A full blood count was taken (Table 1). These results clearly show the presence of lymphopenia, thrombocytopenia, monocytosis, mild neutrophilia and a normal haematocrit percentage using the normal reference values.

Table 1. . The Full Blood Count results of patient 1.
  19 November 2022 24 November 2022 Normal reference value
WBC 5.09 × 103/ul 6.74 × 103 4–11 × 103/ul
HCT 36.3% 33% 36–47%
PLT 60 × 103/ul 203 × 103 150–400 × 103/ul
Lym 16.9% 11.3% 20–35%
Mon 51% 8.3% 3–8%
Neut 78.9% 76.9% 55–70%

HCT: Hematocrit; PLT: Platelet; WBC: White blood cell.

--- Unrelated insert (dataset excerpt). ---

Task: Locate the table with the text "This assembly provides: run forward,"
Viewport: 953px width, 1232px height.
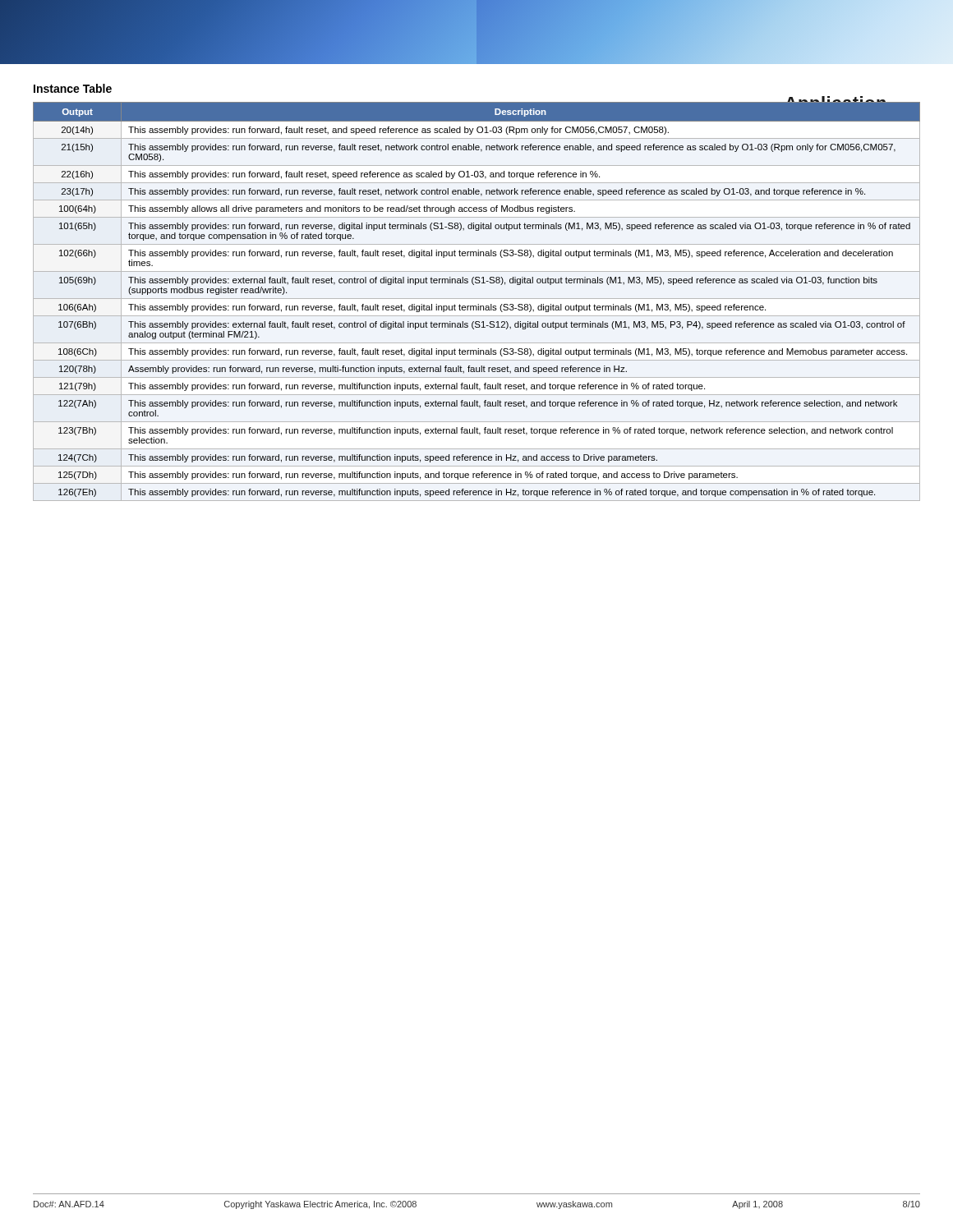Action: [476, 301]
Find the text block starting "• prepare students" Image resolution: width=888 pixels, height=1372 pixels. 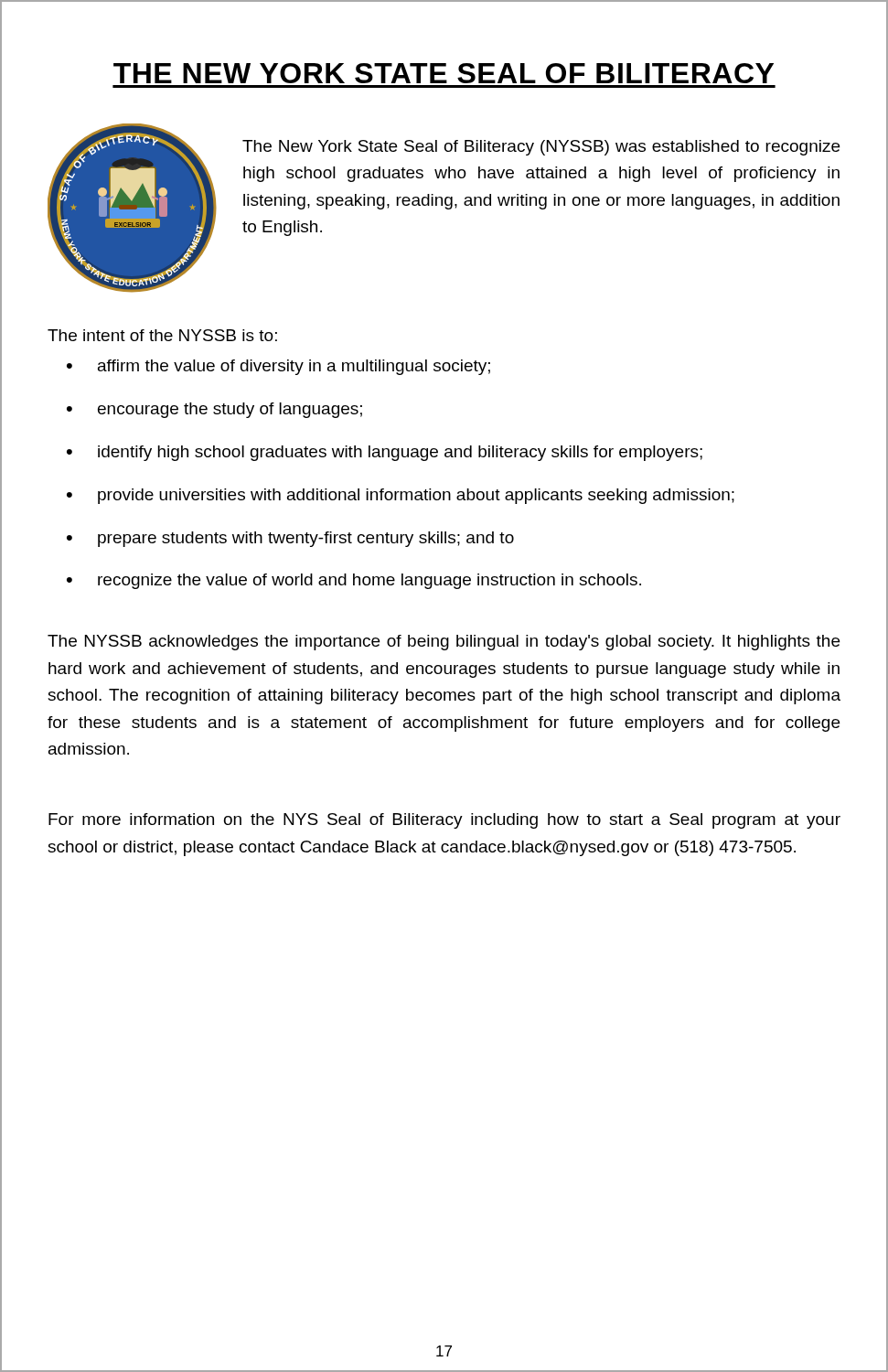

The electrolytes, blood, urea, nitrogen and creatinine were also investigated (Table 2). The results show hyponatremia at presentation. The later result showed a normal value post correction.

Table 2. . Patient 1 electrolyte, blood, urea, nitrogen and creatinine results.
  19 November 2022 24 November 2022 Normal reference value
Na 128 136 135–145 mmol/l
K 3.8 3.4 3–4.5 mmol/l
BUN 3.2 2.8 2.1–8.5 mmol/l
CRE 54 58 62–106 umol/l

BUN: Blood, urea, nitrogen; CRE: Creatinine.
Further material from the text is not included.